So did National Academy of Engineering member and Northrop Grumman Senior Vice President for Engineering Neil G. Siegel, who under Boehm recently earned his doctoral degree while continuing his executive duties. Two USC research faculty members from CSSE, Jo Anne Lane and Ray Madachy (now an associate professor at the Naval Postgraduate School), served with Siegel on the event’s technical committee along with former Boehm student Ye Yang, who is now an associate professor and deputy director of the Laboratory for Internet Software Technologies at ISCAS.

A former Boehm student who could not attend, M.I.T. research associate Ricardo Valerdi, now an associate professor at the University of Arizona,  posted a YouTube video paying tribute to his teacher and wishing him happy birthday.

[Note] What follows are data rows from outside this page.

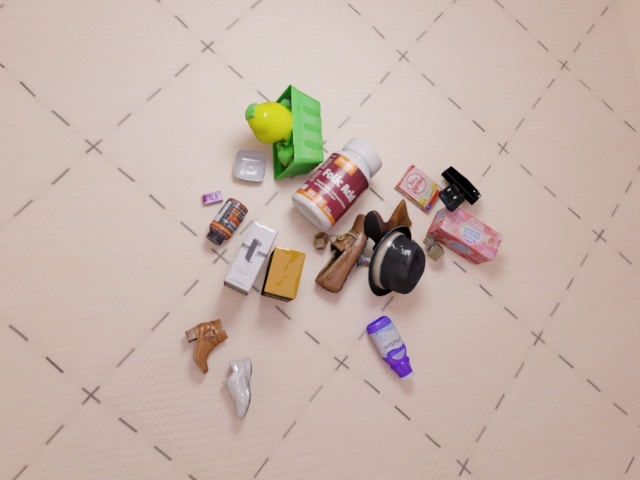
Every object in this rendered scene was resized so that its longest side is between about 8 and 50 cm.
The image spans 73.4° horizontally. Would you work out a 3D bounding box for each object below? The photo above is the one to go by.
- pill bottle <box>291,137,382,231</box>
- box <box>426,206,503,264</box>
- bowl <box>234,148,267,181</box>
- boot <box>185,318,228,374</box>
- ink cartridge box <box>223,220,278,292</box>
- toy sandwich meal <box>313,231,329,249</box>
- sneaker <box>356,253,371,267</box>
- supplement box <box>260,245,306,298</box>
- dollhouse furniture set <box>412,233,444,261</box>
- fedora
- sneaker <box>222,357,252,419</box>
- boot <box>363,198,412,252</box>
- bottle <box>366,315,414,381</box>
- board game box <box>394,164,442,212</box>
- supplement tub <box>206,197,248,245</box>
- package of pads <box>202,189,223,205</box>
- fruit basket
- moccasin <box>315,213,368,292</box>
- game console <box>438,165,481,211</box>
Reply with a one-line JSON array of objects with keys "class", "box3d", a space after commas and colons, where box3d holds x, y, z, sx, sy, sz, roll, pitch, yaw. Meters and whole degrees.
[{"class": "pill bottle", "box3d": [0.078, -0.250, 1.890, 0.224, 0.224, 0.392, 42, 79, -2]}, {"class": "box", "box3d": [0.682, -0.026, 2.037, 0.299, 0.154, 0.142, 31, 74, -6]}, {"class": "bowl", "box3d": [-0.313, -0.329, 1.926, 0.141, 0.053, 0.142, 8, 76, -11]}, {"class": "boot", "box3d": [-0.444, 0.425, 1.737, 0.152, 0.073, 0.197, -20, 86, -20]}, {"class": "ink cartridge box", "box3d": [-0.289, 0.076, 1.774, 0.114, 0.197, 0.273, 27, 74, -6]}, {"class": "toy sandwich meal", "box3d": [0.000, 0.000, 1.922, 0.085, 0.029, 0.086, -11, 69, 29]}, {"class": "sneaker", "box3d": [0.193, 0.101, 1.965, 0.098, 0.038, 0.069, 37, 93, -15]}, {"class": "supplement box", "box3d": [-0.159, 0.144, 1.791, 0.128, 0.194, 0.192, 15, 76, -9]}, {"class": "dollhouse furniture set", "box3d": [0.478, 0.052, 2.041, 0.144, 0.123, 0.151, 41, 108, -2]}, {"class": "fedora", "box3d": [0.348, 0.111, 1.848, 0.333, 0.152, 0.335, -23, 125, -37]}, {"class": "sneaker", "box3d": [-0.336, 0.594, 1.726, 0.115, 0.090, 0.233, 1, 70, -6]}, {"class": "boot", "box3d": [0.318, -0.092, 1.913, 0.280, 0.096, 0.264, -48, 125, -31]}, {"class": "bottle", "box3d": [0.314, 0.476, 1.883, 0.118, 0.092, 0.283, -27, 86, -17]}, {"class": "board game box", "box3d": [0.477, -0.254, 2.092, 0.193, 0.045, 0.147, 37, 73, -3]}, {"class": "supplement tub", "box3d": [-0.401, -0.076, 1.829, 0.106, 0.106, 0.198, 33, 74, -5]}, {"class": "package of pads", "box3d": [-0.470, -0.186, 1.873, 0.083, 0.032, 0.050, -14, 80, -15]}, {"class": "fruit basket", "box3d": [-0.177, -0.475, 1.863, 0.391, 0.282, 0.393, 6, 76, -27]}, {"class": "moccasin", "box3d": [0.097, 0.042, 1.910, 0.146, 0.139, 0.380, 33, 83, -14]}, {"class": "game console", "box3d": [0.632, -0.236, 2.019, 0.213, 0.044, 0.361, 47, 39, 9]}]
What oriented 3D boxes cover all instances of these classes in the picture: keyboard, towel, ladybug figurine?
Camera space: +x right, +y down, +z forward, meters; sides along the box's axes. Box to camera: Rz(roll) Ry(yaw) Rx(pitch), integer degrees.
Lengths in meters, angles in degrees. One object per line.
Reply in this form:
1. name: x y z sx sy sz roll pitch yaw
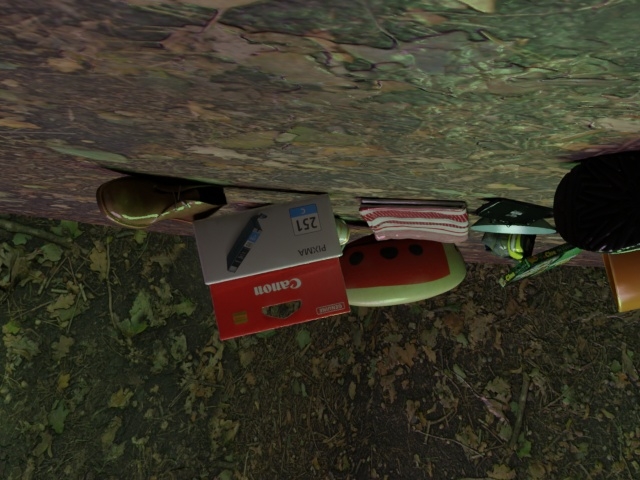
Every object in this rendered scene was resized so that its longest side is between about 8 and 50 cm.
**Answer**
1. keyboard: 0.395 -0.067 1.581 0.192 0.038 0.100 8 151 -40
2. towel: 0.225 -0.042 1.758 0.237 0.037 0.329 2 170 12
3. ladybug figurine: 0.214 0.070 2.221 0.450 0.161 0.305 -12 -159 -18

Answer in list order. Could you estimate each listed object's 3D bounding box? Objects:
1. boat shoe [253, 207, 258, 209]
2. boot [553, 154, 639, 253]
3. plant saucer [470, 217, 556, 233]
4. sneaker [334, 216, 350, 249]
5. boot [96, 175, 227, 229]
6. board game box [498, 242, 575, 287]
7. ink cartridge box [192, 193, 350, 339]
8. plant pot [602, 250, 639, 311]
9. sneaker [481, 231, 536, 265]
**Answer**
1. boat shoe: -0.145 -0.040 2.003 0.116 0.123 0.324 41 172 -20
2. boot: 0.520 -0.039 1.011 0.260 0.131 0.348 6 175 -31
3. plant saucer: 0.449 -0.042 1.759 0.195 0.037 0.195 5 176 0
4. sneaker: 0.000 0.000 2.183 0.128 0.126 0.321 10 174 -10
5. boot: -0.314 -0.088 1.534 0.115 0.112 0.305 -18 171 33
6. board game box: 0.608 0.052 2.022 0.260 0.030 0.136 -17 157 -30
7. ink cartridge box: -0.099 0.057 1.606 0.297 0.261 0.066 -12 178 -5
8. plant pot: 0.587 0.006 1.300 0.188 0.205 0.205 -13 171 17
9. sneaker: 0.516 0.006 2.059 0.121 0.111 0.300 12 174 22
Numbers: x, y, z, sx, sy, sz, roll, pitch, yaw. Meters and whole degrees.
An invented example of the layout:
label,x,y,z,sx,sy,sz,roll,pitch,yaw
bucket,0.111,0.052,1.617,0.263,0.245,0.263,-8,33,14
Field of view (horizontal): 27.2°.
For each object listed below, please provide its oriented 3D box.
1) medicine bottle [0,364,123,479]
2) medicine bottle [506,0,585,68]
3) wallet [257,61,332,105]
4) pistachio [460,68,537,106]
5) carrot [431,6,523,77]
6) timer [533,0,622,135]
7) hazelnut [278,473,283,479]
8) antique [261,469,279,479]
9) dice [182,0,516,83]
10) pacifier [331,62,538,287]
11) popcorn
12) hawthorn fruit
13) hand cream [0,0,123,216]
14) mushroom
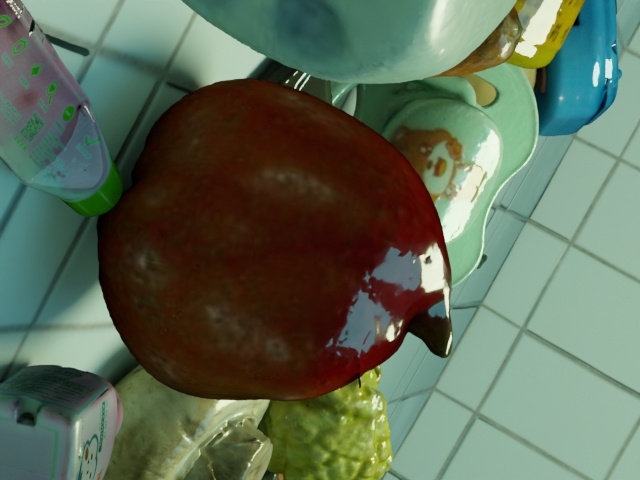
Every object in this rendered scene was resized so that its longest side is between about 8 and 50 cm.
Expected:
label,x,y,z,sx,sy,sz,roll,pitch,yaw
medicine bottle,-0.238,0.175,1.178,0.188,0.094,0.119,-51,152,-80
medicine bottle,0.228,-0.396,1.406,0.384,0.224,0.224,-65,164,16
wallet,-0.068,-0.094,1.363,0.245,0.052,0.169,-48,157,-29
pistachio,0.194,-0.222,1.746,0.293,0.181,0.162,102,-14,-56
carrot,0.095,-0.223,1.271,0.159,0.225,0.159,-28,126,-47
timer,0.338,-0.310,1.830,0.340,0.115,0.309,62,24,-85
hazelnut,-0.080,0.340,1.889,0.214,0.176,0.214,-1,90,-83
antique,-0.138,0.304,1.682,0.152,0.148,0.146,-64,166,5
dice,0.033,-0.289,0.908,0.262,0.264,0.268,-47,161,-38
pacifier,0.094,-0.102,1.613,0.343,0.288,0.269,-63,-161,0
popcorn,-0.005,0.174,1.576,0.225,0.173,0.286,-159,-123,-77
hawthorn fruit,-0.046,-0.001,1.149,0.295,0.311,0.295,-8,90,-73
hand cream,-0.207,-0.090,0.948,0.275,0.050,0.079,64,32,-65
mushroom,-0.149,0.223,1.440,0.255,0.184,0.255,23,90,-79

Other invitees included Professors Leon Osterweil and Lori Clarke of the University of Massachusetts Amherst, Director Walker E. Royce of IBM, Director Kouichi Kishida of Japan’s Software Research Associates Inc., Director Dieter Rombach of Fraunhofer Institute for Experimental Software Engineering and Professor Dines Bjørner of the Technical University of Denmark.

The symposium program summarized Boehm's achievements.

“He is a member of the National Academy of Engineering, an ACM Fellow, an AIAA Fellow, an INCOSE Fellow, and an IEEE Fellow. From 1989 to 1992 he served within the U.S. Department of Defense as director of the DARPA Information Science and Technology Office, and as director of the DDR&E Software and Computer Technology Office. His contributions to the field include the Constructive Cost Model (COCOMO), the Spiral Model of the software process, the Theory W (win-win) approach to software management and requirements determination. One proceedings paper said Professor Boehm’s contributions included authoring 412 publications with 8,068 citations, supervising 32 doctorate graduates, and teaching 3,801 graduate students in his software economics and software engineering project courses.

As symposium program chair, Osterweil said in his introduction to proceedings: “I would like to thank our friend, colleague and leader Barry W. Boehm for his tireless work and amazing contributions to the formation, nurturing and maturation of our community.”